1. Use of L-2-oxothiazolidine-4-carboxylic acid, its derivatives, or its pharmacologically acceptable salts of the formula(I)

as pharmaceutical active compounds for the treatment of type 2 diabetes.

2. Use of the compounds as defined in claim 1, wherein the salts are selected from the group consisting of sodium, potassium, calcium and magnesium salts of the compound L-2-oxothiazolidine-4-carboxylic acid.

3. Use of the compounds as defined in claim 1, wherein the derivative is ester form of L-2-oxothiazolidine-4-carboxylic acid.

4. Use of the compounds as defined in claim 1, wherein the active compound is administered at the concentration of 3-400 mg/kg.

5. Use of the compounds as defined in claim 1, wherein the active compound is administered at the concentration of 40-80 mg/kg.

6. Use of the compounds as defined in claim 1, wherein they are used for the prevention of diabetes complications.

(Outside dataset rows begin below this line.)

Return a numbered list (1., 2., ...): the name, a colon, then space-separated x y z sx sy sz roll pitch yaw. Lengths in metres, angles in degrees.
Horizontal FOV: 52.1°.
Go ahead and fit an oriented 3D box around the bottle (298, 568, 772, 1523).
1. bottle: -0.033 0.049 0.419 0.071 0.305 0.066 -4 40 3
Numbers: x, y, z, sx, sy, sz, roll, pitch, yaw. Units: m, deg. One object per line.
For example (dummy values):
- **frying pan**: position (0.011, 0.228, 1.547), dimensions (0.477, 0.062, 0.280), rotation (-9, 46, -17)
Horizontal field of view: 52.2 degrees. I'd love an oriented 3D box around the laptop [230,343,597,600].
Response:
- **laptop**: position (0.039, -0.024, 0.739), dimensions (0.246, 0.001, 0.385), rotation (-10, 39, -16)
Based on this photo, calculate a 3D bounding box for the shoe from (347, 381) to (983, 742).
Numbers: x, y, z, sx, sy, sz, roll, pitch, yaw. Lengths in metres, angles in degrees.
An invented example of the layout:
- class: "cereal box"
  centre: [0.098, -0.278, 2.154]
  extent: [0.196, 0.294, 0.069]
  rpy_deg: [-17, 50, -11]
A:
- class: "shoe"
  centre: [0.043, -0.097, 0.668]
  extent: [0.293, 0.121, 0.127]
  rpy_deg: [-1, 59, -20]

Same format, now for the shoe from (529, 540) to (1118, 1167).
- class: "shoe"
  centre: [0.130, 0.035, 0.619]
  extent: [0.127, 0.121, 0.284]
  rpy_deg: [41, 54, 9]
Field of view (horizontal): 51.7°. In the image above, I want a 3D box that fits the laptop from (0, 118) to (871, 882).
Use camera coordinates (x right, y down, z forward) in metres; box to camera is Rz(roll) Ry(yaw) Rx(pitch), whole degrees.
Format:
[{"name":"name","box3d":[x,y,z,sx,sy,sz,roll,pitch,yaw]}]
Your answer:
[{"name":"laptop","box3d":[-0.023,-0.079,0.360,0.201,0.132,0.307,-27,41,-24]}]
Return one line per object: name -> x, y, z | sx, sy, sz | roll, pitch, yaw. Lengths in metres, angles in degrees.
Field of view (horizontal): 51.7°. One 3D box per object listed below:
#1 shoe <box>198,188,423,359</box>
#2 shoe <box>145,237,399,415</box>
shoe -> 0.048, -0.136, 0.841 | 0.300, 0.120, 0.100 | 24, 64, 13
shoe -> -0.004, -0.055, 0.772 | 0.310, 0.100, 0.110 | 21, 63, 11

7. A pharmaceutical composition containing at least one compound of L-2-oxothiazolidine-4-carboxylic acid, its derivatives or pharmacologically acceptable salts of the formula(I) as an active component and a pharmaceutically acceptable excipient, carrier, or diluent.

8. The pharmaceutical composition as defined in claim 6, wherein the salts are selected from the group consisting of sodium, potassium, calcium and magnesium salts of the compound L-2-oxothiazolidine-4-carboxylic acid.

9.The pharmaceutical composition as defined in claim 6, wherein the derivative is ester form of L-2-oxothiazolidine-4-carboxylic acid.

10. A method of treating a mammal having a type 2 diabetes, said method comprising administering to said mammal a pharmaceutically effective amount of L-2-oxothiazolidine-4-carboxylic acid, its derivatives, and its pharmacologically acceptable salts of the Formula(I).

11. The method of treating a mammal having a type 2 diabetes as defined in claim 9, wherein the salts are selected from the group consisting of sodium, potassium, calcium and magnesium salts of the compound L-2-oxothiazolidine-4-carboxylic acid.

12. The method of treating a mammal having a type 2 diabetes as defined in claim 9, wherein the derivative is ester form of L-2-oxothiazolidine-4-carboxylic acid.

13. The method of treating a mammal having a type 2 diabetes as defined in claim 9, wherein the pharmaceutical composition is administered orally.